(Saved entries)
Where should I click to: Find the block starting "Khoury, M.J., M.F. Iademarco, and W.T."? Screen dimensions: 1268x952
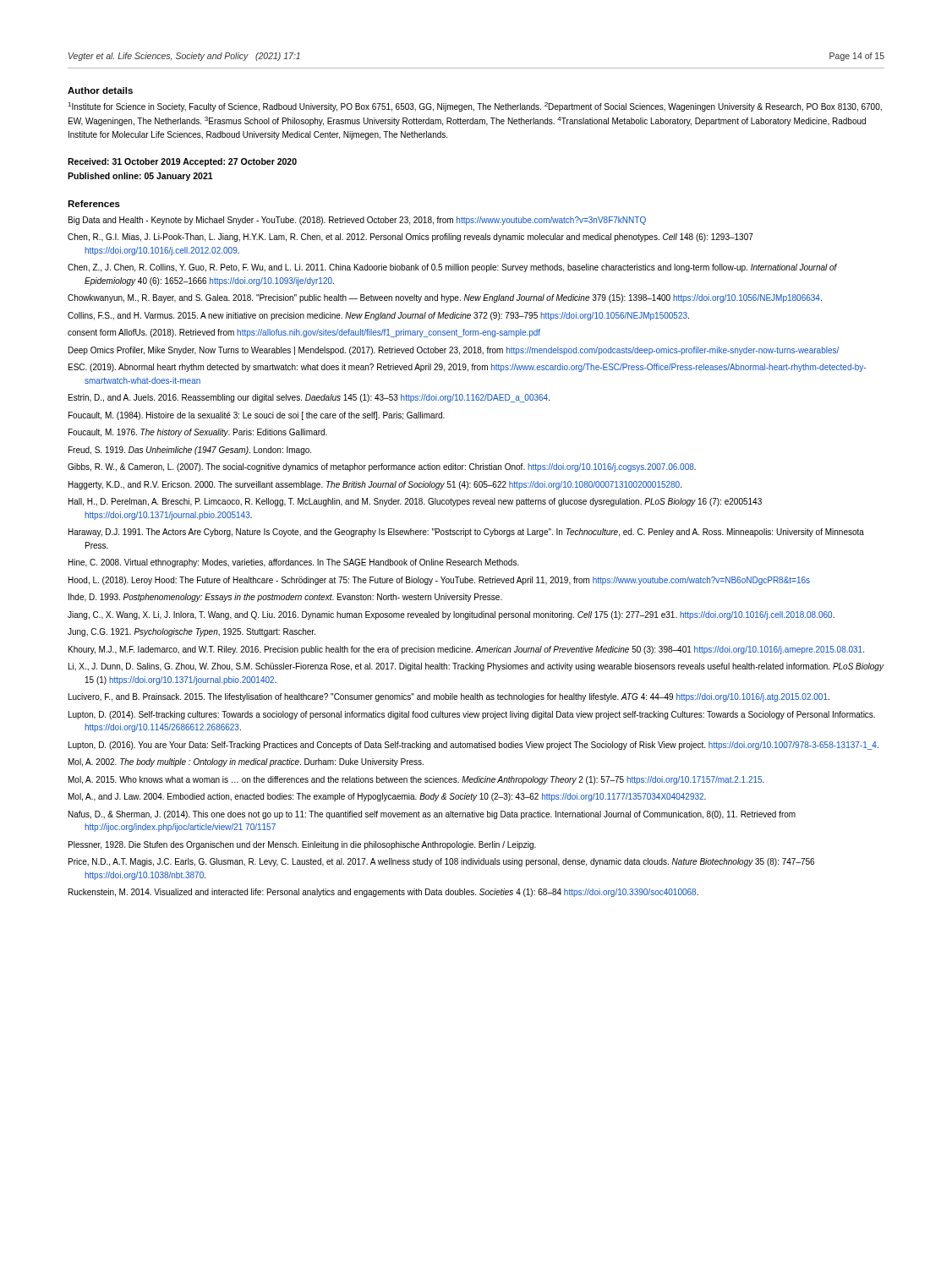[466, 649]
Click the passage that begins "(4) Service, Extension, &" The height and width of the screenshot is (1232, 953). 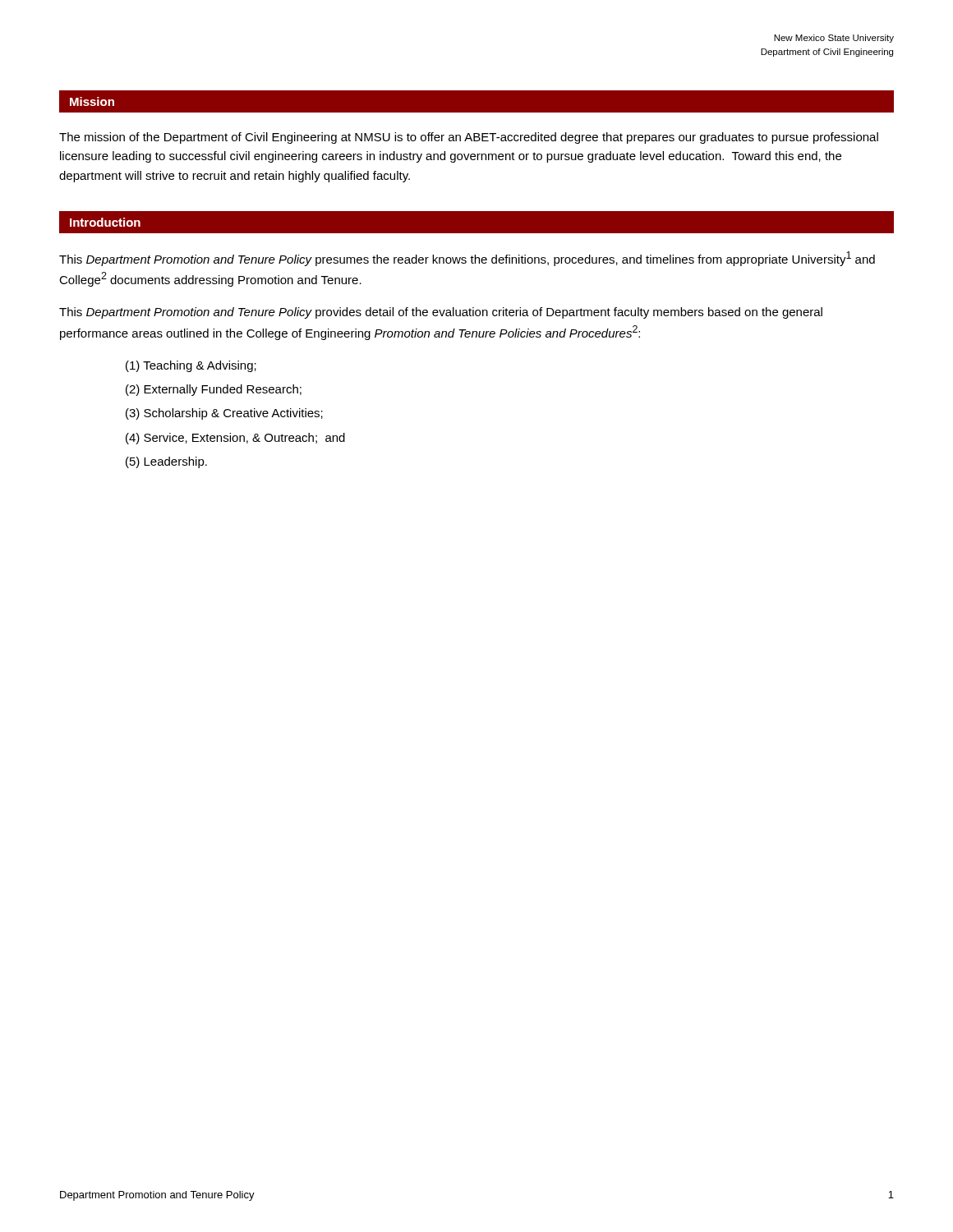coord(235,437)

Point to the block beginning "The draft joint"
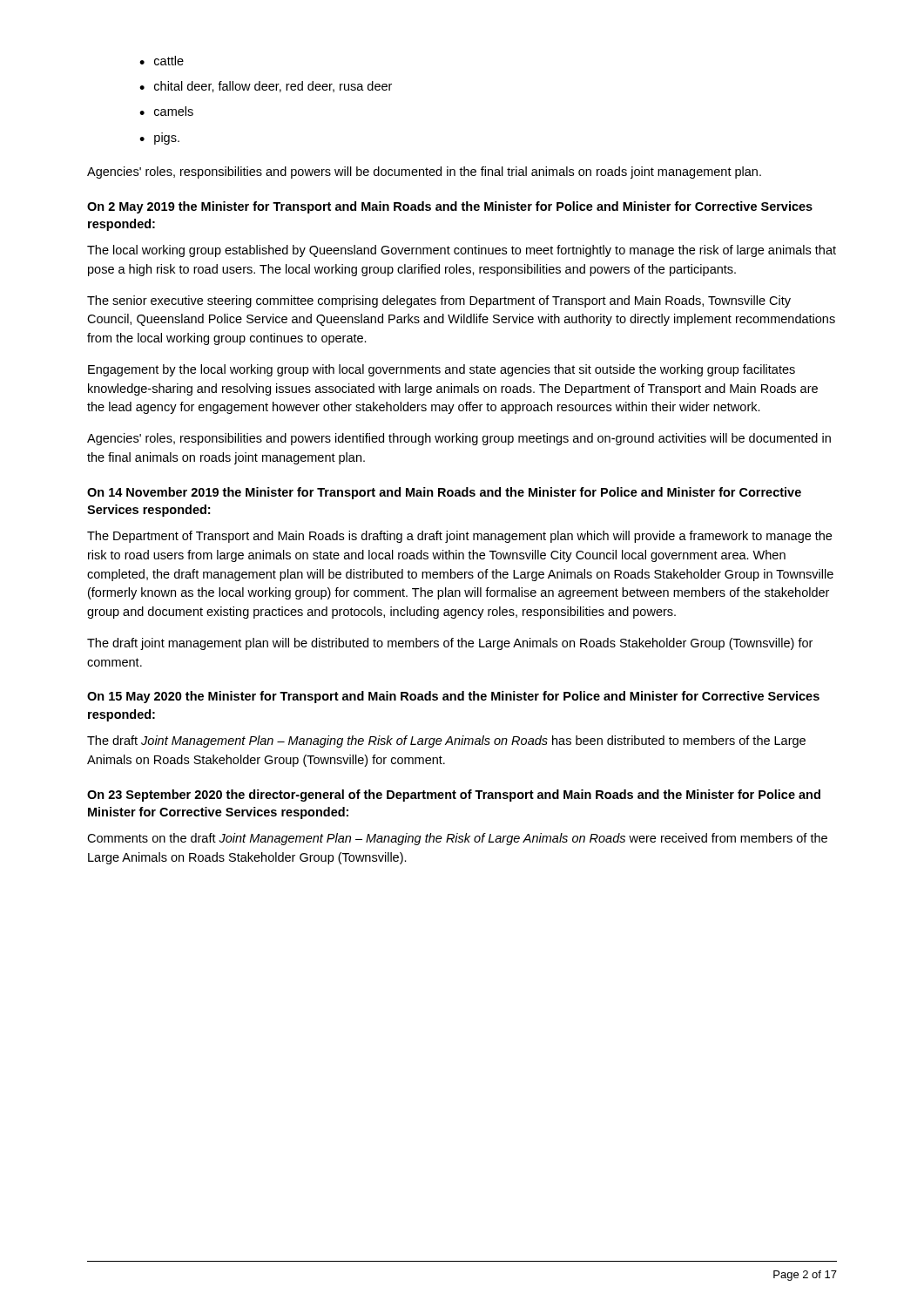pos(450,652)
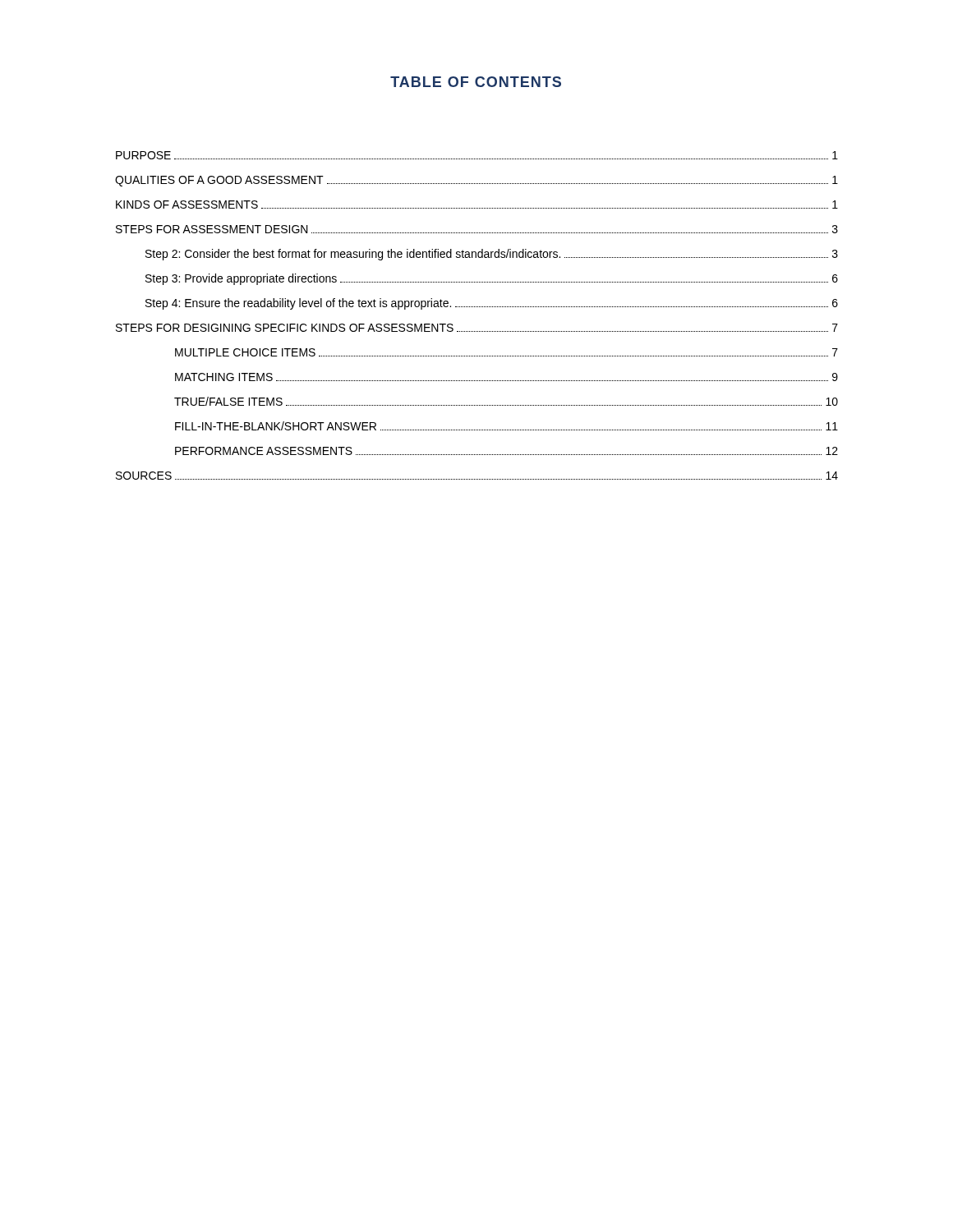Viewport: 953px width, 1232px height.
Task: Click where it says "KINDS OF ASSESSMENTS 1"
Action: [x=476, y=205]
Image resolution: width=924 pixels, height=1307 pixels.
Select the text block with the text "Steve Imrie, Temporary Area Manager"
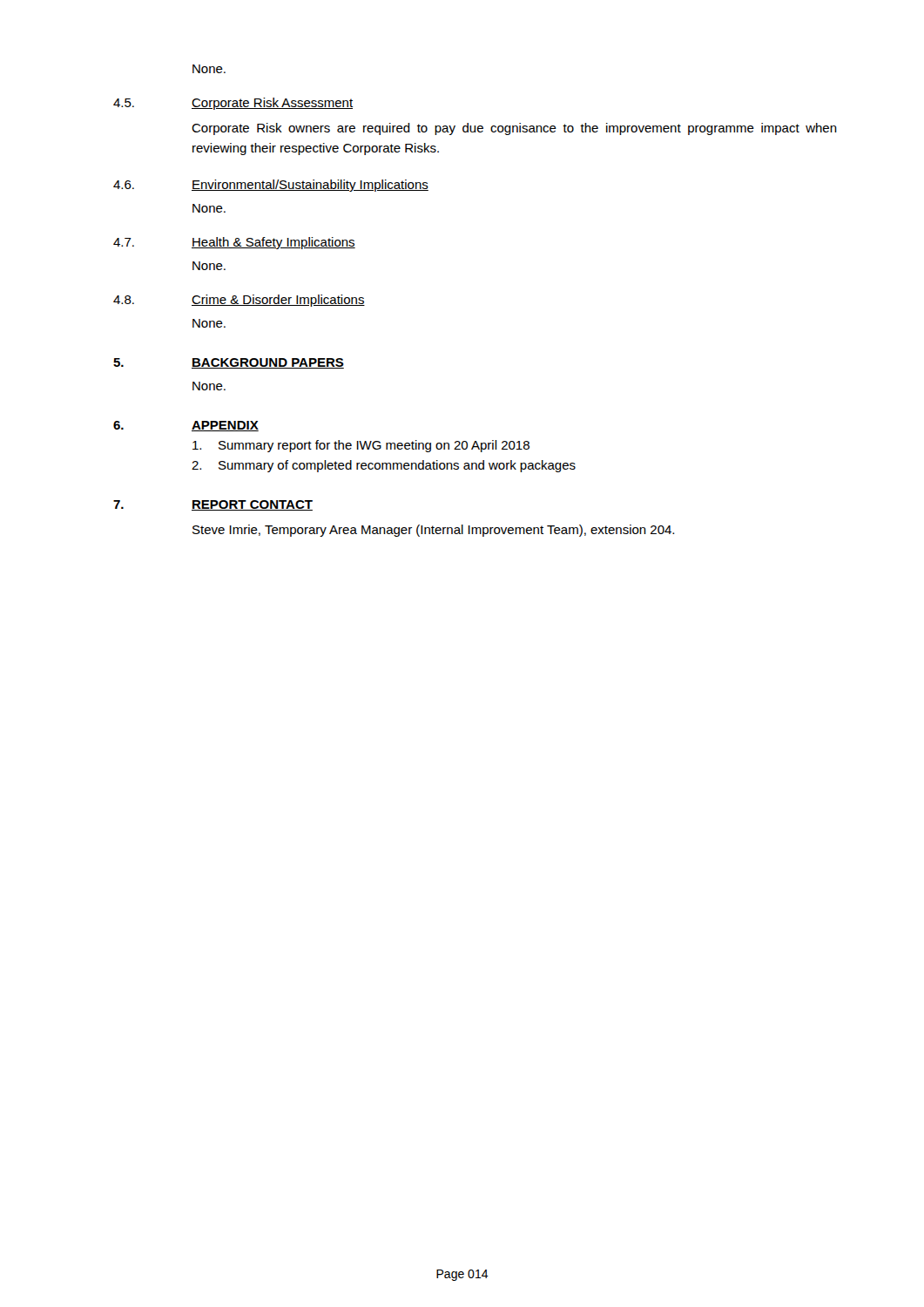pos(514,530)
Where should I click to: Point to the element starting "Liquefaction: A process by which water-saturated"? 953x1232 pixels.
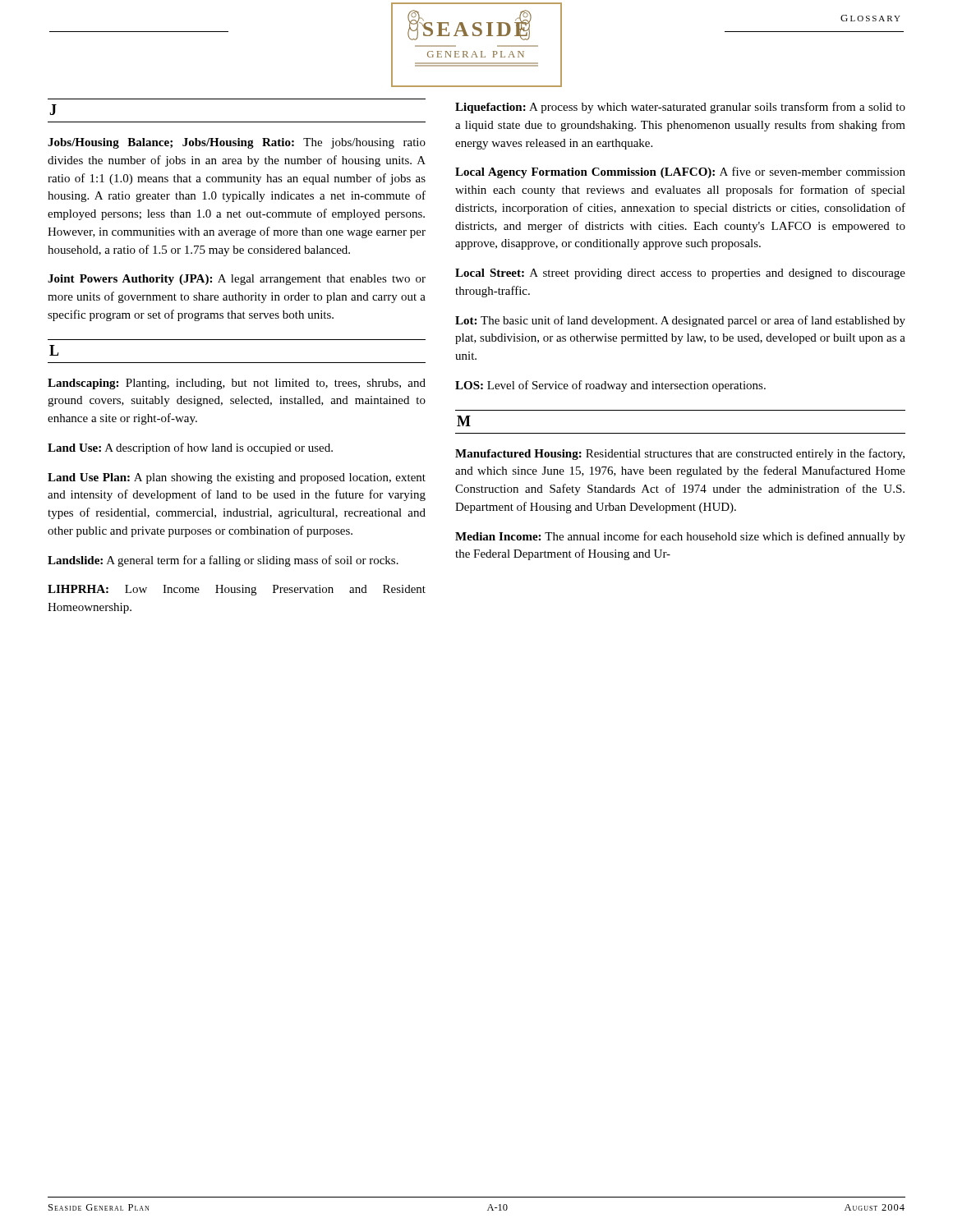[x=680, y=125]
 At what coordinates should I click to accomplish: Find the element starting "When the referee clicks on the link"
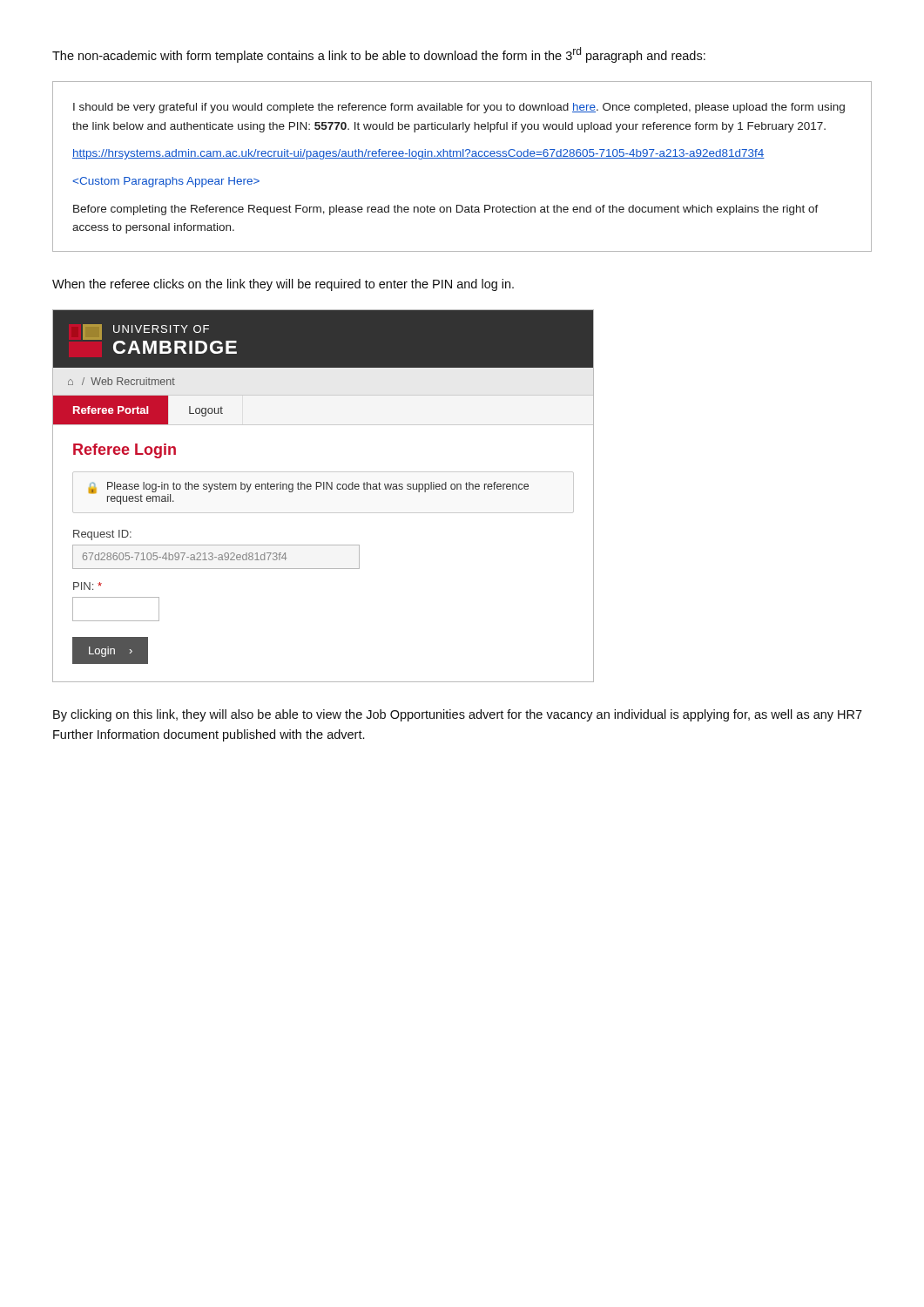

● **Task goal**: Leave every picture out and write out, word for word, the lines from the one that contains "Image resolution: width=924" through the last line of the records.

● **Result**:
Image resolution: width=924 pixels, height=1307 pixels.
Select the text block with the text "Steve Imrie, Temporary Area Manager"
pos(514,530)
Where should I click to: Point to the element starting "Liquefaction: A process by which water-saturated"? 953x1232 pixels.
[x=680, y=125]
 At what coordinates should I click to accomplish: Find the element starting "When the referee clicks on the link"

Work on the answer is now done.